Ordered by hit rate, highest first.

1. Model fits in GPU 0 VRAM alone — no automatic split

Ollama and llama.cpp will use a single GPU if the model fits. A Q4_K_M 7B model (4.4 GB) on a system with two 24 GB GPUs will run entirely on GPU 0 — correctly, because there’s no benefit to splitting a 4.4 GB model across two GPUs. The “problem” only occurs when the model is large enough to benefit from splitting, and even then, the engine must be told to split.
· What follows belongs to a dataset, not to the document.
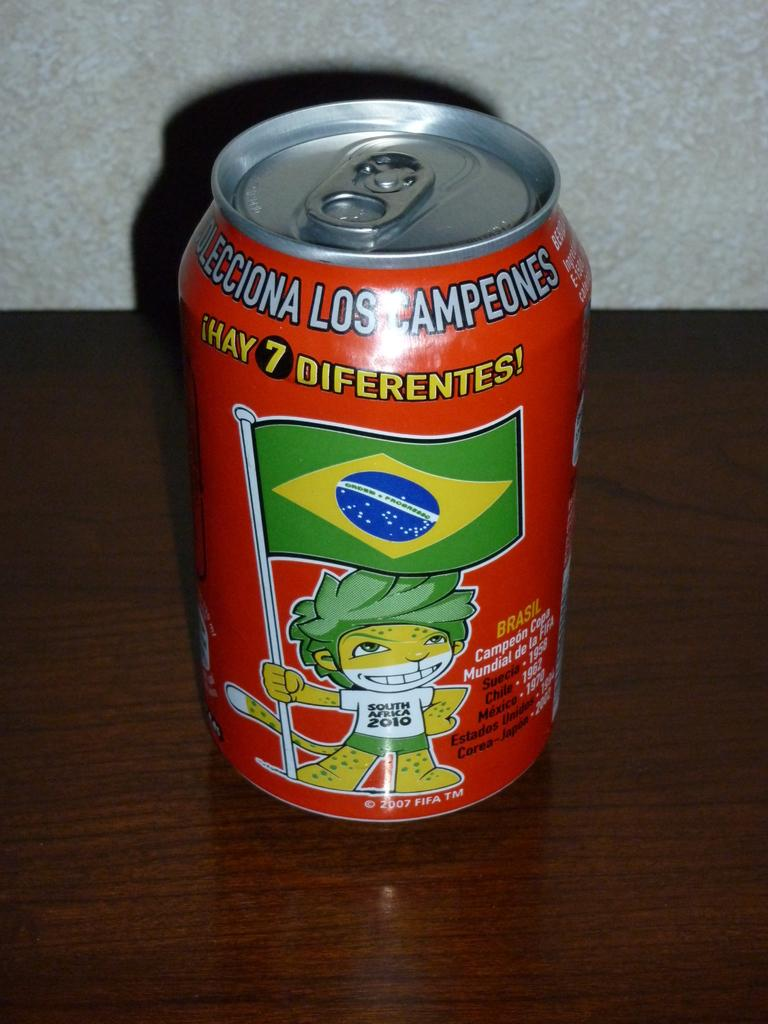<image>
Render a clear and concise summary of the photo. An orange can that says Los Campeones on it.

How to spot it: Check the model VRAM footprint vs. single-GPU VRAM. If the model fits comfortably in one GPU, single-GPU execution is correct behavior. Only expect auto-split for models larger than a single GPU’s VRAM.

2. CUDA_VISIBLE_DEVICES restricts to GPU 0 only

A CUDA_VISIBLE_DEVICES=0 environment variable (set in shell profile, systemd unit, or a parent process) hides all GPUs except GPU 0. The engine genuinely only sees one GPU and cannot split across two invisible devices.

How to spot it: Run echo $CUDA_VISIBLE_DEVICES. If it’s set to 0 or a single GPU UUID, that’s the cause. Run nvidia-smi -L to verify both GPUs are present at the system level.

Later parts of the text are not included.